An electrochemical cell consists of a standard hydrogen electrode and a copper metal electrode. a. What is the potential of the cell at \(25^{\circ} \mathrm{C}\) if the copper electrode is placed in a solution in which \(\left[\mathrm{Cu}^{2+}\right]=\) \(2.5 \times 10^{-4} \mathrm{M} ?\) b. The copper electrode is placed in a solution of unknown \(\left[\mathrm{Cu}^{2+}\right] .\) The measured potential at \(25^{\circ} \mathrm{C}\) is \(0.195 \mathrm{V}\). What is \(\left[\mathrm{Cu}^{2+}\right] ?\) (Assume \(\mathrm{Cu}^{2+}\) is reduced.)

First, you need to write the half-cell reactions for the standard hydrogen electrode (SHE) and the copper electrode. The SHE half-cell reaction is defined as: \[ 2H^{+} (aq) + 2e^{-} \rightleftharpoons H_{2} (g) \ \ \ \ \ \ E^{0} = 0V \] For the copper electrode, we have the following half-cell reaction: \[ Cu^{2+} (aq) + 2e^{-} \rightleftharpoons Cu (s) \ \ \ \ \ \ E^{0} = +0.337V \] Now, we will proceed to calculate the cell potential for part (a).

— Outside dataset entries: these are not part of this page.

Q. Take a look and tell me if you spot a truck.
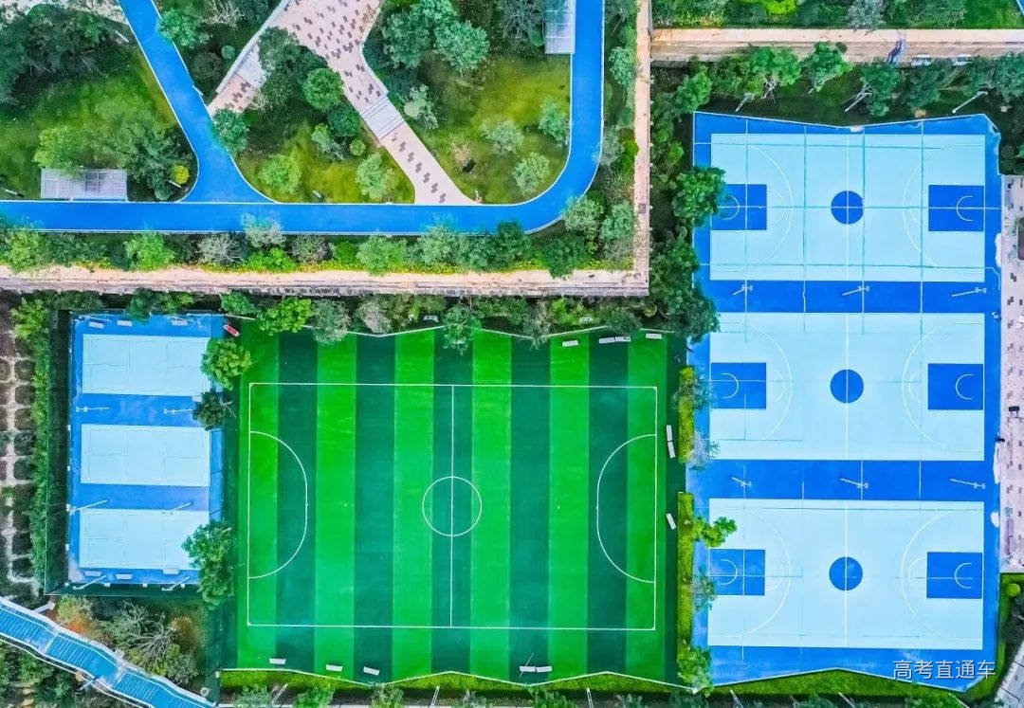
No
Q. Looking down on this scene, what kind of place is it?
sports ground
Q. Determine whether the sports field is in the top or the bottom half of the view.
bottom
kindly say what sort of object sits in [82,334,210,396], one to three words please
sports court
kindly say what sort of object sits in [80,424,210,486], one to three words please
sports court
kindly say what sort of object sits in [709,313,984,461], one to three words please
basketball court
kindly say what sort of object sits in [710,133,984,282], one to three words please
basketball court
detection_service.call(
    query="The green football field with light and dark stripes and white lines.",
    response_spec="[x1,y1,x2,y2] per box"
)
[221,318,692,688]
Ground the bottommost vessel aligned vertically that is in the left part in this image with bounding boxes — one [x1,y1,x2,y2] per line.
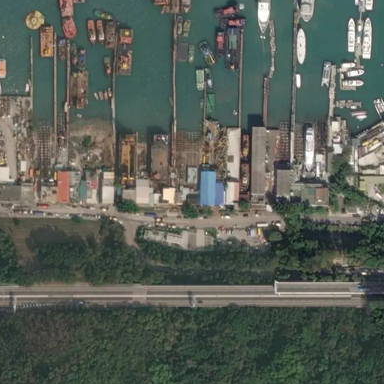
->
[120,134,136,178]
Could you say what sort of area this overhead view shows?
port
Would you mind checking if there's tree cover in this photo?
Yes
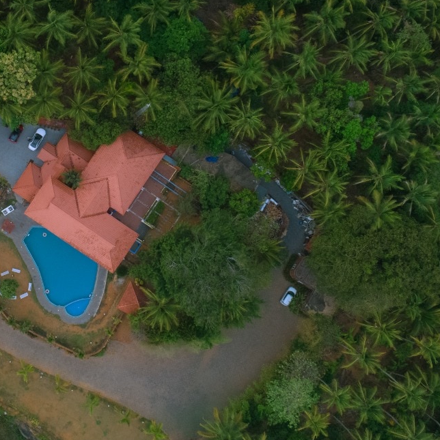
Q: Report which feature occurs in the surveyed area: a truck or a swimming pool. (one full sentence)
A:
I can see a swimming pool in this picture.
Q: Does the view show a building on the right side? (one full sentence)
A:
No, I can find no building on the right side.
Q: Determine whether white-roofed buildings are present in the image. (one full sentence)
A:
No, this view has no white-roofed building in it.
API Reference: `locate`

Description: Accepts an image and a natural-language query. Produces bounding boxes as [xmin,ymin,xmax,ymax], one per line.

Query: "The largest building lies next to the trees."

[12,127,166,273]
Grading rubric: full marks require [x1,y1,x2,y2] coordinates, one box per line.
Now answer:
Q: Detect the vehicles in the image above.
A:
[6,123,25,144]
[28,127,45,151]
[280,286,296,307]
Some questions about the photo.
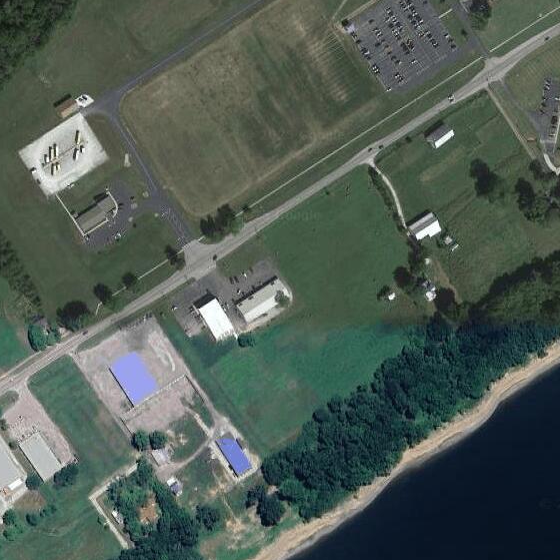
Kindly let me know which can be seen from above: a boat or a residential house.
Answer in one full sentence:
Visible in the photo is a residential house.
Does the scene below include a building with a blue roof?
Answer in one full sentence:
Yes, there's a building with a blue roof down there.
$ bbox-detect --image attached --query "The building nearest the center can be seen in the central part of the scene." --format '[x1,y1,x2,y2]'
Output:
[237,279,284,323]
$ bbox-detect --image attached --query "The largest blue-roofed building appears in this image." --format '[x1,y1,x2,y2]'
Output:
[110,352,157,407]
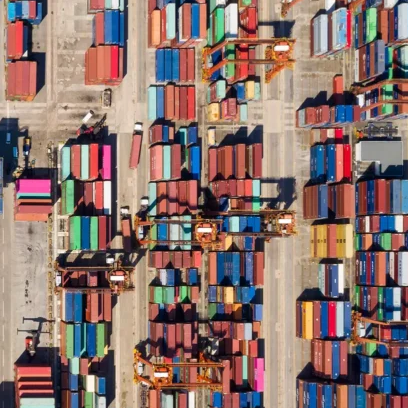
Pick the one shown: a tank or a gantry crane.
gantry crane
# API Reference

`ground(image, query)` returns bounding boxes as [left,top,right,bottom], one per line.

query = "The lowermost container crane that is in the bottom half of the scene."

[136,348,225,389]
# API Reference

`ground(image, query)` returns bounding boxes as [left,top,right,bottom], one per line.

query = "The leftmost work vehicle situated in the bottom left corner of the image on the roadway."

[18,328,52,352]
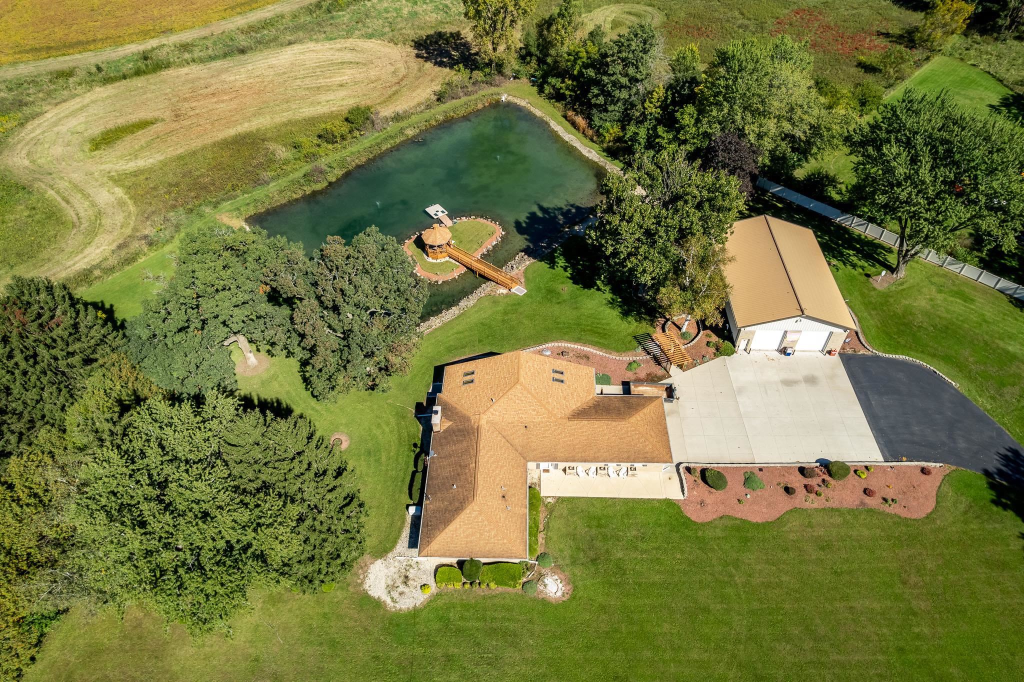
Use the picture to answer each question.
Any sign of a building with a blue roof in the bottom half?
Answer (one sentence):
No, looking in the bottom half, there is no building with a blue roof.
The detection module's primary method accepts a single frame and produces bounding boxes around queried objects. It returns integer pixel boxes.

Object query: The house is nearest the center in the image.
[416,350,675,565]
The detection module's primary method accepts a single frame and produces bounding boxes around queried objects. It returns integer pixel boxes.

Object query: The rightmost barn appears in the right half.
[709,214,857,352]
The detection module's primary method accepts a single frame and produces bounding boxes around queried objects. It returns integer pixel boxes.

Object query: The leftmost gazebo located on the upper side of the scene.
[421,225,453,259]
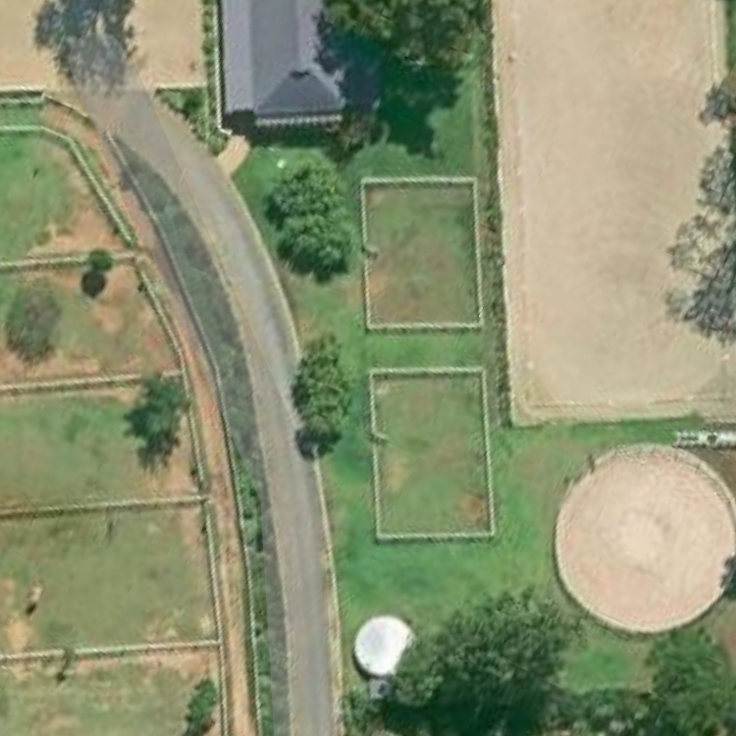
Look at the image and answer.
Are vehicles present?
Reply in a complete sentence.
No, there's no vehicle here.
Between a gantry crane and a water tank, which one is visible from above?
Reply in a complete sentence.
It is a water tank that can be seen here.
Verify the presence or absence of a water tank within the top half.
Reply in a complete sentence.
No, there is no water tank within the top half.
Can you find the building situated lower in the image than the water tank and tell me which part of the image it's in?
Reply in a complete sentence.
The building situated lower in the image than the water tank appears toward the bottom of the photo.
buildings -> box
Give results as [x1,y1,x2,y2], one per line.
[222,0,346,126]
[369,679,390,700]
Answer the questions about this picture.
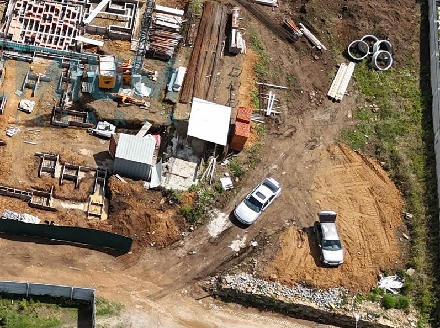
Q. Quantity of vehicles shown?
2
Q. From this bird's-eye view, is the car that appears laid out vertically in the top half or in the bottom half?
bottom
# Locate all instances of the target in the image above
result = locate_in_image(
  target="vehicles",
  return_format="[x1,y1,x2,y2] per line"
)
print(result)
[232,174,285,229]
[316,207,348,268]
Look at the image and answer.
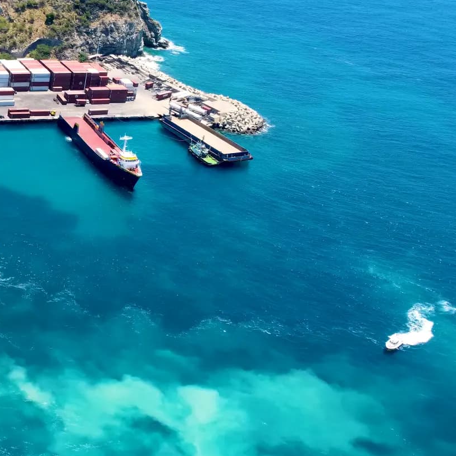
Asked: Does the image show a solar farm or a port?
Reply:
port
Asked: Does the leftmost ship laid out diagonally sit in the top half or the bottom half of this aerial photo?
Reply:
top
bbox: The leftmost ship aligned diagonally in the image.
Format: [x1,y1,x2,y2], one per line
[59,110,147,187]
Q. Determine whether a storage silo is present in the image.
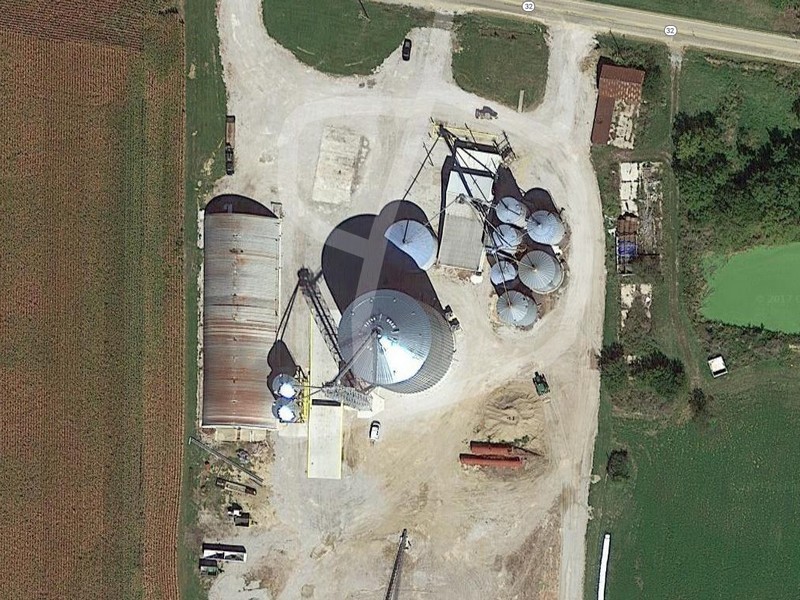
Yes
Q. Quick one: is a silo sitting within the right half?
Yes
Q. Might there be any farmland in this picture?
Yes
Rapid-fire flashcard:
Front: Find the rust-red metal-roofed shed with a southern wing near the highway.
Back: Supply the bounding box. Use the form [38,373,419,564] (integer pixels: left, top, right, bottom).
[592,65,646,145]
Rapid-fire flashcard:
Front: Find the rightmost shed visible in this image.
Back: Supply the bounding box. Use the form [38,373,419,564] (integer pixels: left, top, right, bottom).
[708,355,729,379]
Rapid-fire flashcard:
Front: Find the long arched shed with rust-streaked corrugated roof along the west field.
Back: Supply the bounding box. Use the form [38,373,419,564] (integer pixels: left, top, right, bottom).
[204,214,280,430]
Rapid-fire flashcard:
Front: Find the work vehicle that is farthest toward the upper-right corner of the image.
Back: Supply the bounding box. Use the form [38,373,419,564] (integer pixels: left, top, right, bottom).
[474,109,498,122]
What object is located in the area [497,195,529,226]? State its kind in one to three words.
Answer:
silo
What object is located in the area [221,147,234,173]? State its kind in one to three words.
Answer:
vehicle
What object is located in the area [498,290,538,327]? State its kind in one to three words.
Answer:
silo
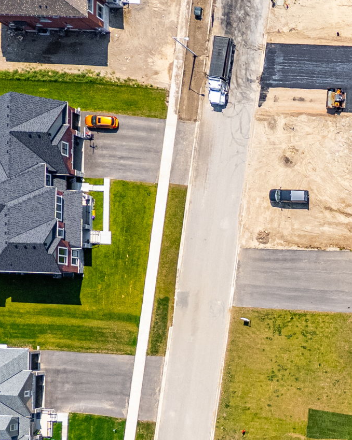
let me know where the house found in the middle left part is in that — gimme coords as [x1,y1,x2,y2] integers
[0,90,101,277]
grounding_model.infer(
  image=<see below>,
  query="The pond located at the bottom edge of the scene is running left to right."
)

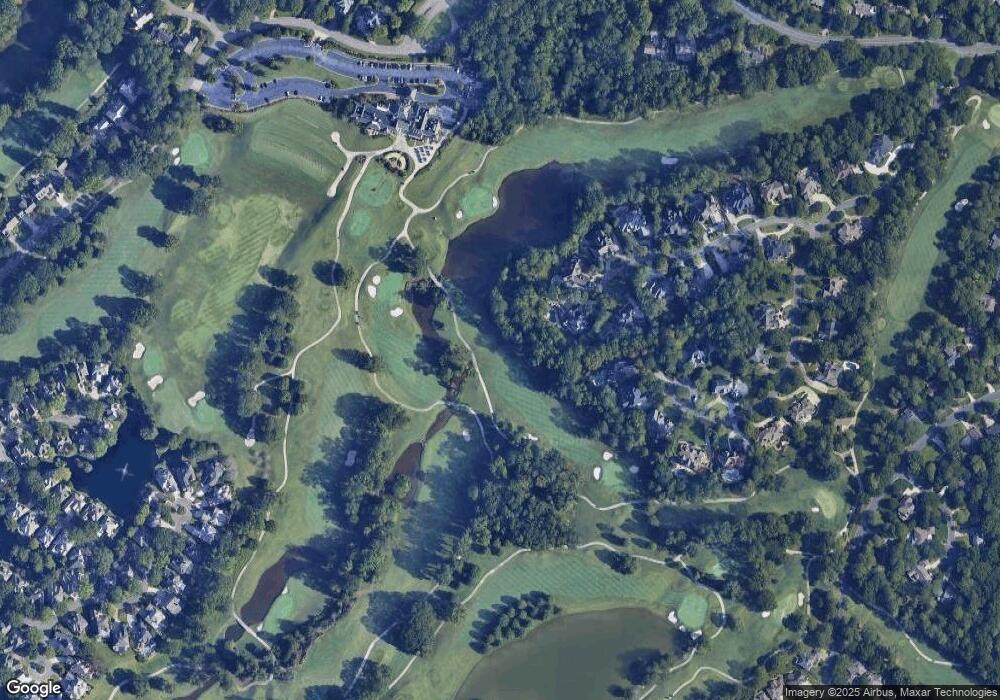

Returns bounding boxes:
[456,606,688,700]
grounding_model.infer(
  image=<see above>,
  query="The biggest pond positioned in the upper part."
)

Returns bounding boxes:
[440,162,598,338]
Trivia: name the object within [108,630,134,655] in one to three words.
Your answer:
house
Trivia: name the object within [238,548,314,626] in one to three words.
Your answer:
pond
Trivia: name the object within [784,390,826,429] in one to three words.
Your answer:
house
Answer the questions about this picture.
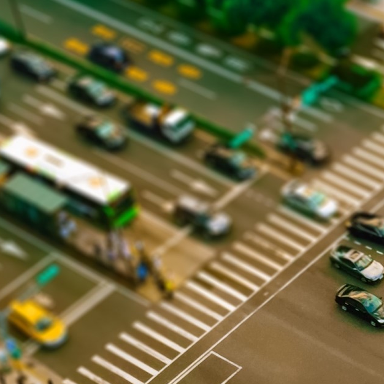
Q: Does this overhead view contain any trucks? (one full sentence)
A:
Yes, a truck is visible in the scene.
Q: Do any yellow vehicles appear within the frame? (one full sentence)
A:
Yes, you can see a yellow vehicle in this photo.
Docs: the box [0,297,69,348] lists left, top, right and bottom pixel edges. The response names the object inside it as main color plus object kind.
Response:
yellow car
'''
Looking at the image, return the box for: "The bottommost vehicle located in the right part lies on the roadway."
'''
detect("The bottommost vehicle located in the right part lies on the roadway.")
[329,285,384,332]
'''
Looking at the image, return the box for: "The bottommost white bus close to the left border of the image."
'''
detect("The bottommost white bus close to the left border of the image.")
[0,132,143,233]

Now that we have the half-cell reactions, we need to calculate the potential for part (a). We will be using the Nernst equation, but in order to do that, we must write the overall cell reaction, which is the sum of the two half-cell reactions: \[ Cu^{2+} (aq) + H_{2} (g) \rightleftharpoons Cu (s) + 2H^{+} (aq) \] For case (a): \(\left[ \mathrm{Cu}^{2+} \right] = 2.5 \times 10^{-4} \mathrm{M}\) The Nernst equation for the cell reaction is: \[ E = E^{0} - \frac{RT}{nF} \times \ln{Q} \] where - \(E\) is the cell potential - \(E^{0}\) is the standard cell potential, which is the sum of the standard half-cell potentials - \(R\) is the gas constant (8.314 J/mol·K) - \(T\) is the temperature in Kelvin (for 25°C, T=298K) - \(n\) is the number of electrons transferred in the reaction (in this case, 2) - \(F\) is the Faraday's constant (96485 C/mol) - \(Q\) is the reaction quotient, which is: \[ Q=\frac{[\mathrm{H}^{+}]^{2}}{[\mathrm{Cu}^{2+}]}\] Now, calculate the cell potential for part (a).

First, we need to find \(E^{0}\) for the overall cell reaction by adding the standard reduction potentials of both half-cell reactions: \[ E^{0} = 0V + 0.337V = 0.337V \] Now, we can plug in the Nernst equation values: \[ E = 0.337V - \frac{8.314 \times 298}{2 \times 96485} \times \ln{\left(\frac{1}{2.5 \times 10^{-4}}\right)} \] Calculating the values, we get: \[ E \approx 0.34V \] Therefore, the cell potential at \(25^{\circ}\mathrm{C}\) for case (a) is approximately \(0.34V\). Now we can proceed to solve for case (b).

For case (b), we are given that the measured cell potential is \(0.195V\). We have to find the concentration of \(\mathrm{Cu}^{2+}\) ions in the solution. We'll use the Nernst equation again: \[ E = E^{0} - \frac{RT}{nF} \times \ln{Q} \] But this time, we will solve for \([\mathrm{Cu}^{2+}]\) by substituting the given values: \[ 0.195V = 0.337V - \frac{8.314 \times 298}{2 \times 96485} \times \ln{\left(\frac{1}{[\mathrm{Cu}^{2+}]}\right)} \]

We can now calculate the concentration of \(\mathrm{Cu}^{2+}\) ions by rearranging the equation: \[0.142V = \frac{8.314 \times 298}{2 \times 96485} \times \ln{\left(\frac{1}{[\mathrm{Cu}^{2+}]}\right)}\] Now, we can isolate the concentration term by raising \(e\) to the power of both sides of the equation: \[[\mathrm{Cu}^{2+}] = \frac{1}{e^{\frac{2 \times 96485 \times 0.142V}{8.314 \times 298}}}\] Calculating the values, we get: \[[\mathrm{Cu}^{2+}] \approx 6.5 \times 10^{-4} \mathrm{M}\] Thus, the concentration of \(\mathrm{Cu}^{2+}\) ions in case (b) is approximately \(6.5 \times 10^{-4} \mathrm{M}\).